Copy the listing exactly; drop the pictures.

===== Entries shown =====

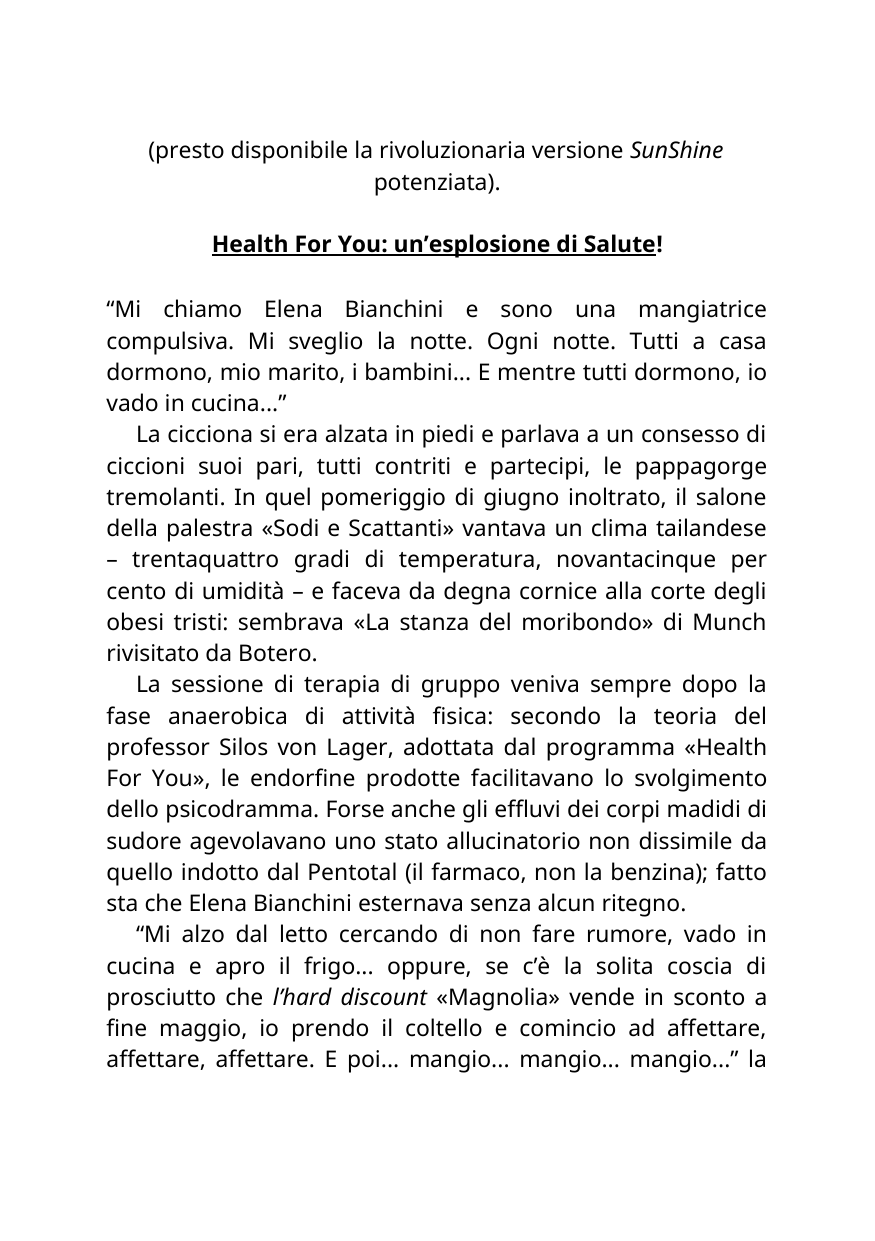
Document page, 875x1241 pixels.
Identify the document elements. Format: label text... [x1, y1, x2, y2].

text “Mi alzo dal letto cercando di non fare rumore, vado in cucina e apro il frigo... oppure, se c’è la solita coscia di prosciutto che l’hard discount «Magnolia» vende in sconto a fine maggio, io prendo il coltello e comincio ad affettare, affettare, affettare. E poi... mangio... mangio... mangio...” la [106, 918, 768, 1074]
text Health For You: un’esplosione di Salute! [106, 228, 768, 259]
text La sessione di terapia di gruppo veniva sempre dopo la fase anaerobica di attività fisica: secondo la teoria del professor Silos von Lager, adottata dal programma «Health For You», le endorfine prodotte facilitavano lo svolgimento dello psicodramma. Forse anche gli effluvi dei corpi madidi di sudore agevolavano uno stato allucinatorio non dissimile da quello indotto dal Pentotal (il farmaco, non la benzina); fatto sta che Elena Bianchini esternava senza alcun ritegno. [106, 668, 768, 918]
text La cicciona si era alzata in piedi e parlava a un consesso di ciccioni suoi pari, tutti contriti e partecipi, le pappagorge tremolanti. In quel pomeriggio di giugno inoltrato, il salone della palestra «Sodi e Scattanti» vantava un clima tailandese – trentaquattro gradi di temperatura, novantacinque per cento di umidità – e faceva da degna cornice alla corte degli obesi tristi: sembrava «La stanza del moribondo» di Munch rivisitato da Botero. [106, 418, 768, 668]
text “Mi chiamo Elena Bianchini e sono una mangiatrice compulsiva. Mi sveglio la notte. Ogni notte. Tutti a casa dormono, mio marito, i bambini... E mentre tutti dormono, io vado in cucina...” [106, 293, 768, 418]
text (presto disponibile la rivoluzionaria versione SunShine potenziata). [106, 134, 768, 197]

=====

**Finished task:**
Document page, 875x1241 pixels.
Identify the document elements. Format: label text... [x1, y1, x2, y2].

text “Mi alzo dal letto cercando di non fare rumore, vado in cucina e apro il frigo... oppure, se c’è la solita coscia di prosciutto che l’hard discount «Magnolia» vende in sconto a fine maggio, io prendo il coltello e comincio ad affettare, affettare, affettare. E poi... mangio... mangio... mangio...” la [106, 918, 768, 1074]
text Health For You: un’esplosione di Salute! [106, 228, 768, 259]
text La sessione di terapia di gruppo veniva sempre dopo la fase anaerobica di attività fisica: secondo la teoria del professor Silos von Lager, adottata dal programma «Health For You», le endorfine prodotte facilitavano lo svolgimento dello psicodramma. Forse anche gli effluvi dei corpi madidi di sudore agevolavano uno stato allucinatorio non dissimile da quello indotto dal Pentotal (il farmaco, non la benzina); fatto sta che Elena Bianchini esternava senza alcun ritegno. [106, 668, 768, 918]
text La cicciona si era alzata in piedi e parlava a un consesso di ciccioni suoi pari, tutti contriti e partecipi, le pappagorge tremolanti. In quel pomeriggio di giugno inoltrato, il salone della palestra «Sodi e Scattanti» vantava un clima tailandese – trentaquattro gradi di temperatura, novantacinque per cento di umidità – e faceva da degna cornice alla corte degli obesi tristi: sembrava «La stanza del moribondo» di Munch rivisitato da Botero. [106, 418, 768, 668]
text “Mi chiamo Elena Bianchini e sono una mangiatrice compulsiva. Mi sveglio la notte. Ogni notte. Tutti a casa dormono, mio marito, i bambini... E mentre tutti dormono, io vado in cucina...” [106, 293, 768, 418]
text (presto disponibile la rivoluzionaria versione SunShine potenziata). [106, 134, 768, 197]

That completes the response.